Technical Analysis

Gold Price Analysis – Feb 16, 2024

By LonghornFX Technical Analysis
Feb 16, 20244 min

Daily Price Outlook

Despite the bullish US dollar, the safe-haven gold price (XAU/USD) maintained its rising trend and tried to stay above the $2,000 level. However, the upward trend might be associated with the renewed bets for an early Fed rate cut and geopolitical risks, which provided some support to the gold price. In contrast to this, the bullish US dollar, backed by the risk-off market sentiment and Atlanta Fed President Raphael Bostic's hawkish remarks, were as seen as a key factor that caps further gains in the gold price.

Challenges for Gold Prices Amid Strengthening US Dollar

Despite hopes for an early rate cut by the Federal Reserve, the US dollar has been gaining traction, which is capping gains in the gold prices. However, the previously released disappointing US data, including a sharp decline in retail sales, has increased expectations for a rate cut. Although, Atlanta Fed President Bostic indicated progress in lowering inflation but suggested patience in adjusting monetary policy, downplaying the urgency for rate cuts. Therefore, the strengthening US dollar, boosted by high bond yields and improved economic data, poses challenges for gold prices, limiting their potential gains despite hopes for a Fed rate cut.

Escalating Middle East Tensions Could Bolster Gold Demand

Furthermore, Israeli airstrikes in Lebanon have heightened tensions in the region, increasing the risk of a long-lasting conflict. During the airstrikes, the Israeli military entered Khan Younis' Nasser Hospital, leading to the deaths of four patients because of power and oxygen supply cuts. Prime Minister Netanyahu stated Israel is against recognizing a Palestinian state on its own, worried it might encourage terrorism. 

The US has cautioned Israel against a ground attack on Rafah without a safe evacuation plan, fearing serious consequences. Since October 7, Israeli attacks in Gaza have caused many Palestinian casualties, with 1,139 deaths in Israel from Hamas-led attacks. 

Therefore, the escalating tensions in the Middle East due to Israeli airstrikes could increase demand for gold as a safe-haven asset, potentially supporting its price.

Looking forward, traders are keeping their eyes on the US Producer Price Index for hints on the Fed's future policy decisions and potential rate cuts. Furthermore, the upcoming Housing Starts and the Preliminary Michigan Consumer Sentiment Index for February will be in spotlight.

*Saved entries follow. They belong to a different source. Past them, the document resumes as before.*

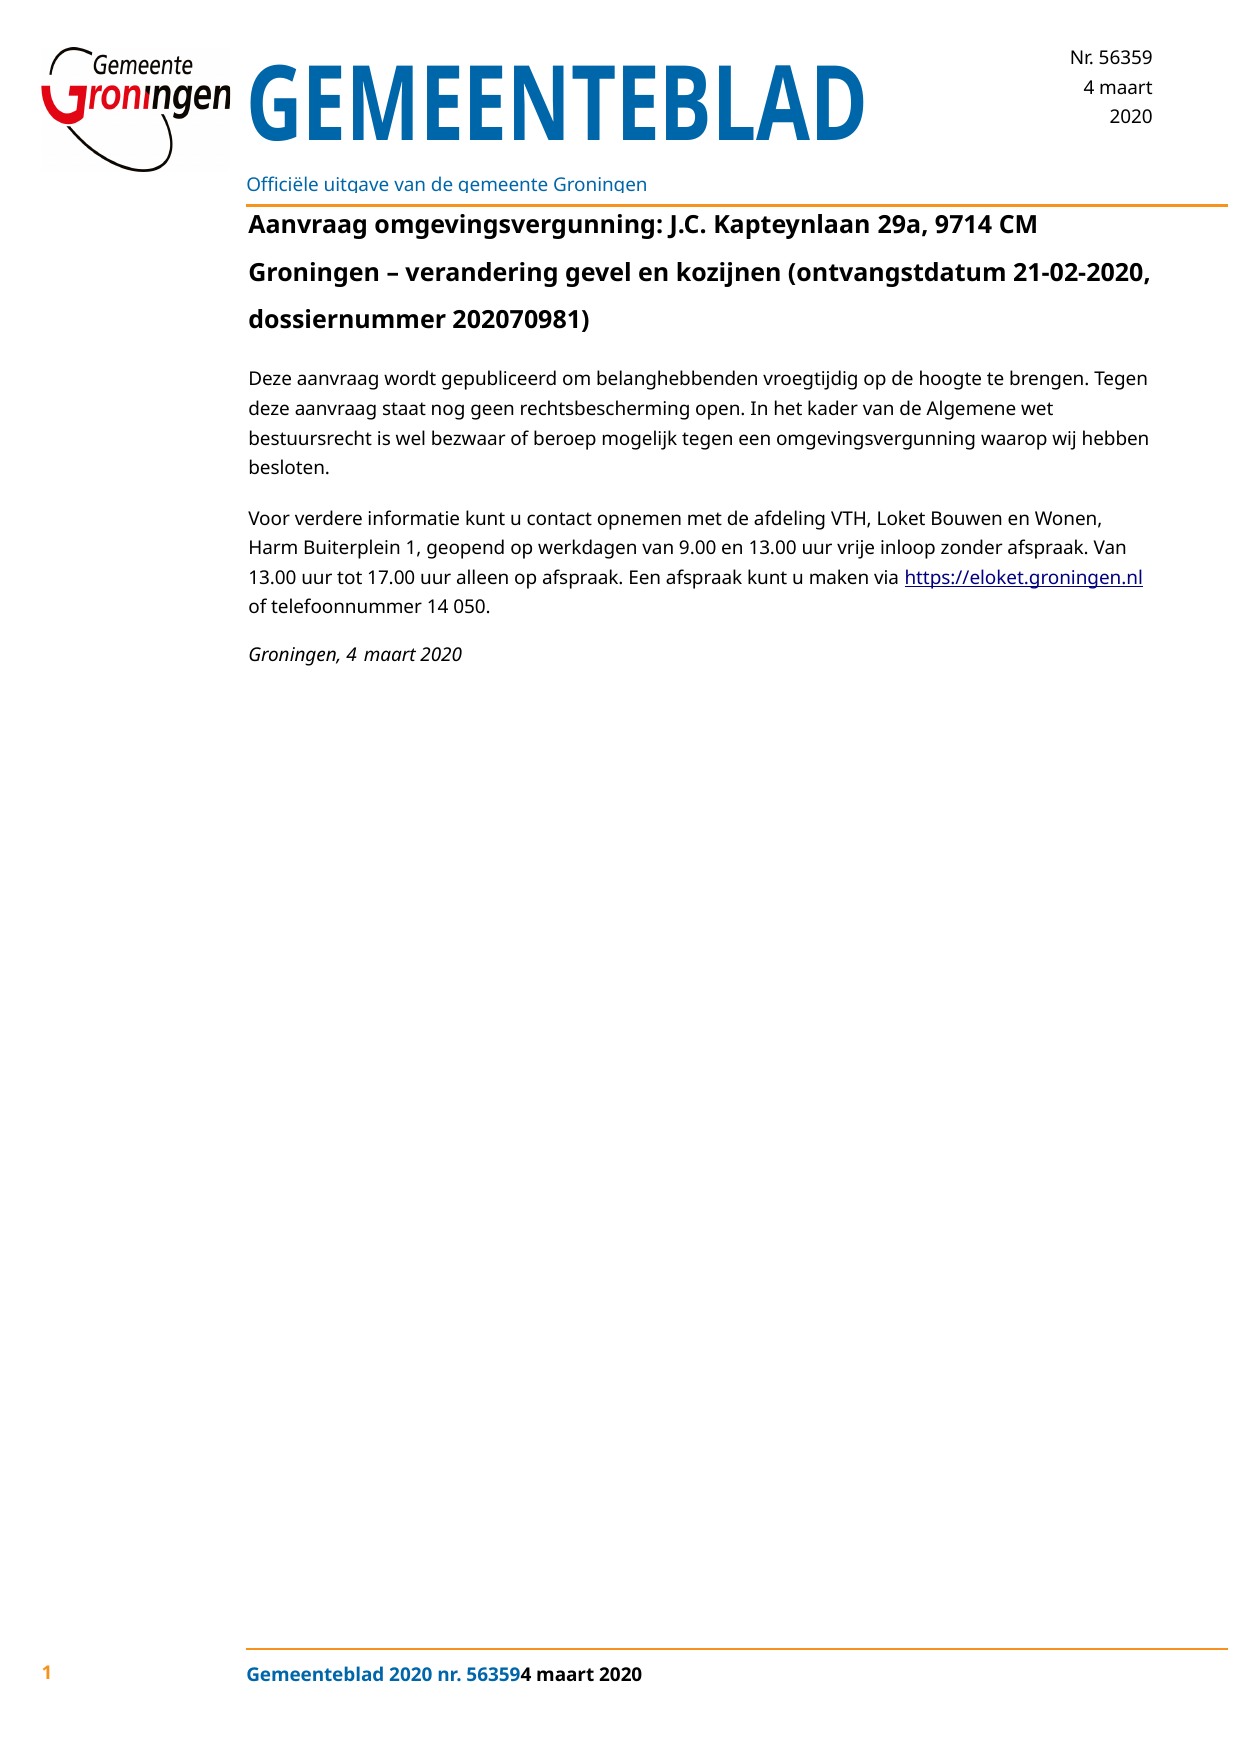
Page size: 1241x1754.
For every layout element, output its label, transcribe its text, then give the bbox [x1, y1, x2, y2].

text Aanvraag omgevingsvergunning: J.C. Kapteynlaan 29a, 9714 CM Groningen – verandering gevel en kozijnen (ontvangstdatum 21-02-2020, dossiernummer 202070981) [248, 207, 1152, 336]
picture [41, 47, 231, 172]
text Voor verdere informatie kunt u contact opnemen met de afdeling VTH, Loket Bouwen en Wonen, Harm Buiterplein 1, geopend op werkdagen van 9.00 en 13.00 uur vrije inloop zonder afspraak. Van 13.00 uur tot 17.00 uur alleen op afspraak. Een afspraak kunt u maken via https://eloket.groningen.nl of telefoonnummer 14 050. [248, 505, 1152, 619]
text Deze aanvraag wordt gepubliceerd om belanghebbenden vroegtijdig op de hoogte te brengen. Tegen deze aanvraag staat nog geen rechtsbescherming open. In het kader van de Algemene wet bestuursrecht is wel bezwaar of beroep mogelijk tegen een omgevingsvergunning waarop wij hebben besloten. [248, 366, 1152, 480]
text Groningen, 4 maart 2020 [248, 641, 1152, 667]
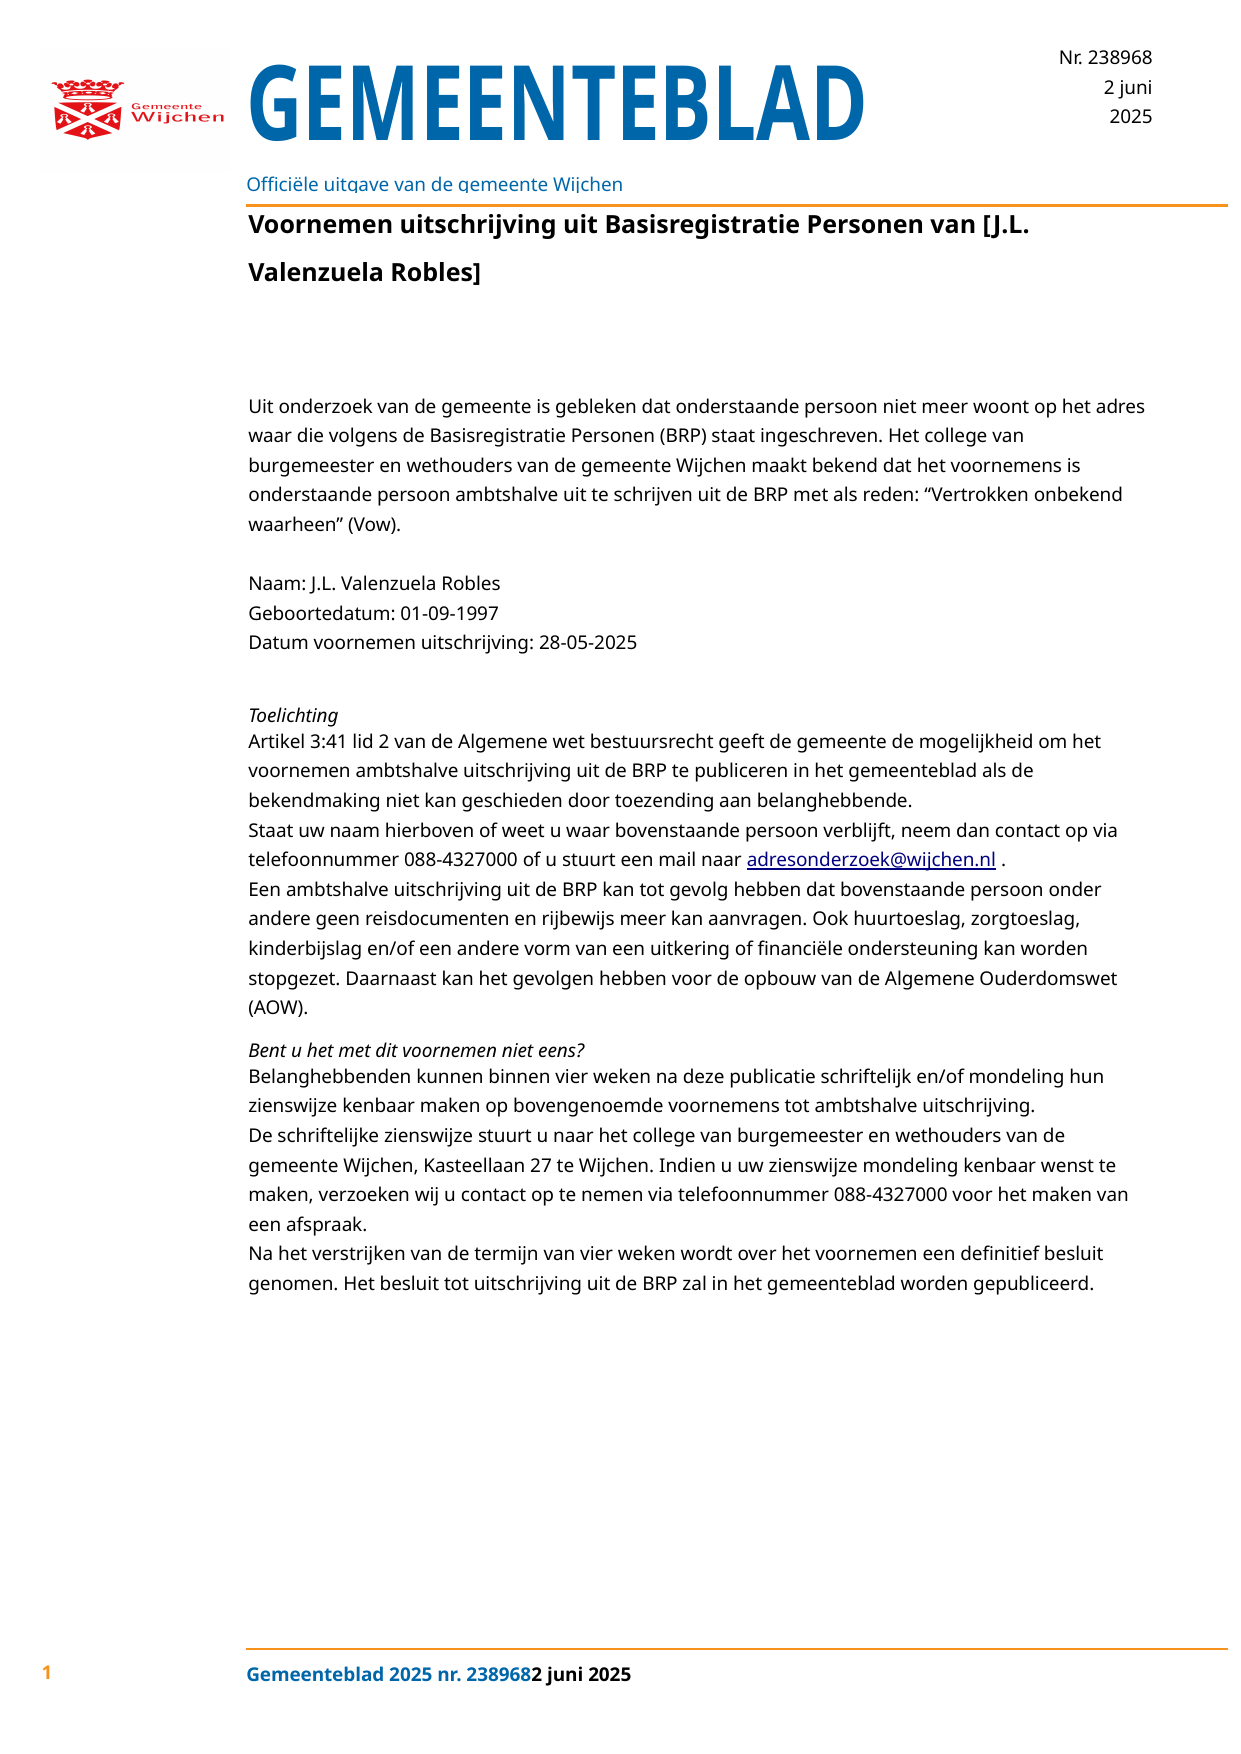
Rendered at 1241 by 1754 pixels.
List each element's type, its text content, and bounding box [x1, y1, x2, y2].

text Toelichting [248, 702, 1152, 728]
text De schriftelijke zienswijze stuurt u naar het college van burgemeester en wethouders van de gemeente Wijchen, Kasteellaan 27 te Wijchen. Indien u uw zienswijze mondeling kenbaar wenst te maken, verzoeken wij u contact op te nemen via telefoonnummer 088-4327000 voor het maken van een afspraak. [248, 1122, 1152, 1237]
picture [41, 47, 231, 172]
text Na het verstrijken van de termijn van vier weken wordt over het voornemen een definitief besluit genomen. Het besluit tot uitschrijving uit de BRP zal in het gemeenteblad worden gepubliceerd. [248, 1241, 1152, 1296]
text Geboortedatum: 01-09-1997 [248, 600, 1152, 626]
text Belanghebbenden kunnen binnen vier weken na deze publicatie schriftelijk en/of mondeling hun zienswijze kenbaar maken op bovengenoemde voornemens tot ambtshalve uitschrijving. [248, 1063, 1152, 1118]
text Staat uw naam hierboven of weet u waar bovenstaande persoon verblijft, neem dan contact op via telefoonnummer 088-4327000 of u stuurt een mail naar adresonderzoek@wijchen.nl . [248, 817, 1152, 872]
text Uit onderzoek van de gemeente is gebleken dat onderstaande persoon niet meer woont op het adres waar die volgens de Basisregistratie Personen (BRP) staat ingeschreven. Het college van burgemeester en wethouders van de gemeente Wijchen maakt bekend dat het voornemens is onderstaande persoon ambtshalve uit te schrijven uit de BRP met als reden: “Vertrokken onbekend waarheen” (Vow). [248, 393, 1152, 537]
text Bent u het met dit voornemen niet eens? [248, 1037, 1152, 1063]
text Een ambtshalve uitschrijving uit de BRP kan tot gevolg hebben dat bovenstaande persoon onder andere geen reisdocumenten en rijbewijs meer kan aanvragen. Ook huurtoeslag, zorgtoeslag, kinderbijslag en/of een andere vorm van een uitkering of financiële ondersteuning kan worden stopgezet. Daarnaast kan het gevolgen hebben voor de opbouw van de Algemene Ouderdomswet (AOW). [248, 876, 1152, 1020]
text Naam: J.L. Valenzuela Robles [248, 570, 1152, 596]
text Voornemen uitschrijving uit Basisregistratie Personen van [J.L. Valenzuela Robles] [248, 207, 1152, 288]
text Datum voornemen uitschrijving: 28-05-2025 [248, 629, 1152, 655]
text Artikel 3:41 lid 2 van de Algemene wet bestuursrecht geeft de gemeente de mogelijkheid om het voornemen ambtshalve uitschrijving uit de BRP te publiceren in het gemeenteblad als de bekendmaking niet kan geschieden door toezending aan belanghebbende. [248, 728, 1152, 813]
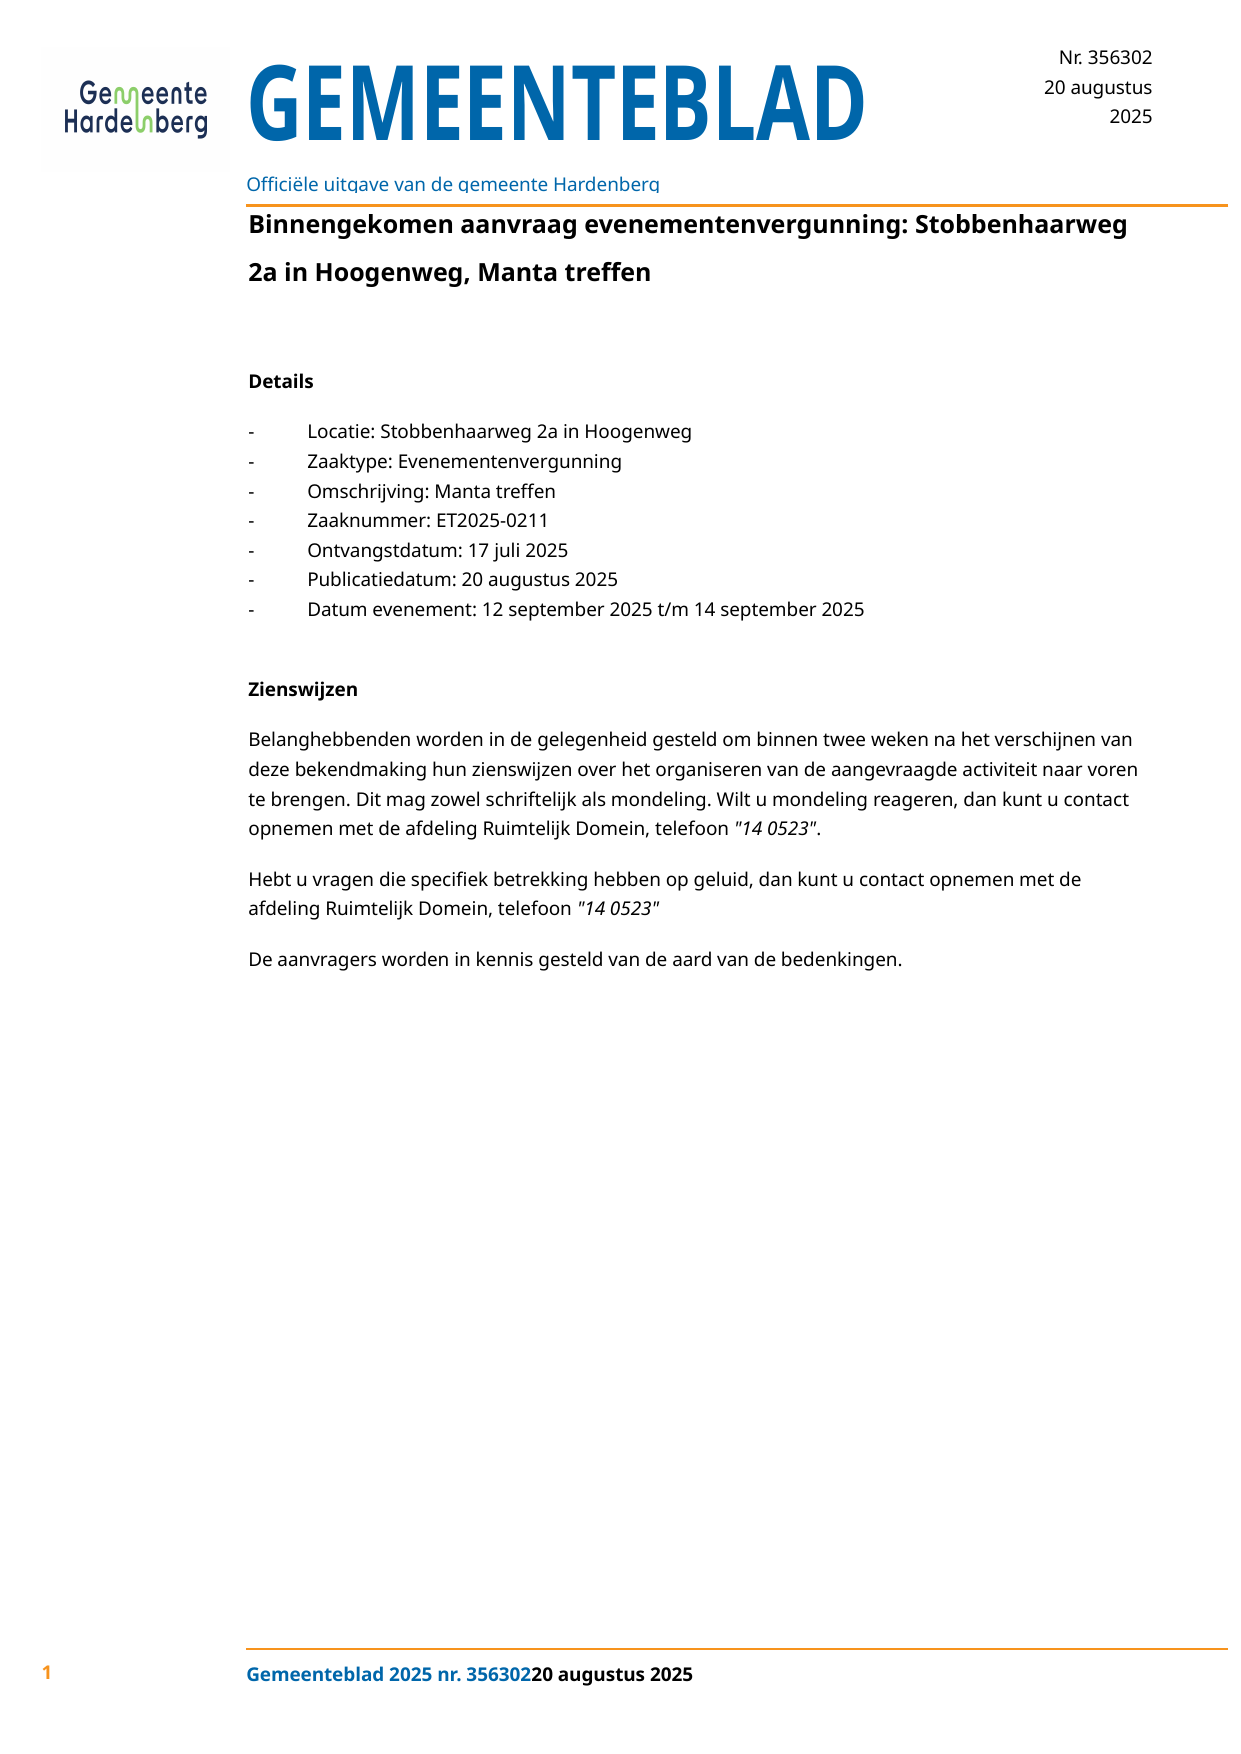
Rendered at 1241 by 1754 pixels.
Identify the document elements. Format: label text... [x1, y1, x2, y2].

list Zaaknummer: ET2025-0211 [248, 507, 1152, 533]
text De aanvragers worden in kennis gesteld van de aard van de bedenkingen. [248, 946, 1152, 972]
list Locatie: Stobbenhaarweg 2a in Hoogenweg [248, 419, 1152, 444]
text Belanghebbenden worden in de gelegenheid gesteld om binnen twee weken na het verschijnen van deze bekendmaking hun zienswijzen over het organiseren van de aangevraagde activiteit naar voren te brengen. Dit mag zowel schriftelijk als mondeling. Wilt u mondeling reageren, dan kunt u contact opnemen met de afdeling Ruimtelijk Domein, telefoon "14 0523". [248, 727, 1152, 841]
text Details [248, 368, 1152, 394]
list Zaaktype: Evenementenvergunning [248, 448, 1152, 474]
list Publicatiedatum: 20 augustus 2025 [248, 567, 1152, 592]
list Datum evenement: 12 september 2025 t/m 14 september 2025 [248, 596, 1152, 622]
text Hebt u vragen die specifiek betrekking hebben op geluid, dan kunt u contact opnemen met de afdeling Ruimtelijk Domein, telefoon "14 0523" [248, 866, 1152, 921]
list Ontvangstdatum: 17 juli 2025 [248, 537, 1152, 563]
text Zienswijzen [248, 676, 1152, 702]
list Omschrijving: Manta treffen [248, 478, 1152, 504]
picture [41, 47, 231, 172]
text Binnengekomen aanvraag evenementenvergunning: Stobbenhaarweg 2a in Hoogenweg, Manta treffen [248, 207, 1152, 288]

Gold Price Chart - Source: Tradingview
Gold Price Chart - Source: Tradingview

Gold - Technical Analysis

In today's financial landscape, gold's technical outlook presents a nuanced picture as it slightly retracts, trading at $2004.205, down by a mere 0.02%. The precious metal hovers around critical technical junctures, with a pivot point established at $2008. This level emerges as a pivotal threshold, delineating the immediate trajectory for gold prices. Resistance levels are tiered at $2014, $2020, and $2030, marking potential ceilings that could cap upward movements. Conversely, support levels at $1995, $1985, and $1977 outline foundational zones where buyers might re-enter, providing a floor to price dips.

Technical indicators offer further insights into gold's market sentiment. The Relative Strength Index (RSI), positioned at 47, suggests a balanced market dynamic, neither overly bought nor sold. This is complemented by the 50-day Exponential Moving Average (EMA) at $2018, which currently sits above the market price, indicating potential resistance on the path to higher valuations.

From a chartist perspective, gold's price action has recently completed a 50% Fibonacci retracement at the $2008 level, hinting at a critical juncture for future price direction. This retracement level serves as a testament to the metal's resilience and the ongoing tug-of-war between bulls and bears.

Given these considerations, the technical outlook suggests a cautious approach for gold traders. The recommendation for a strategic entry points towards a sell position below the $2008 mark, targeting a take profit at $1995 with a stop loss set at $2015. This setup underscores the current market sentiment, leaning towards a bearish bias in the short term, pending any significant shifts in underlying economic indicators or geopolitical developments.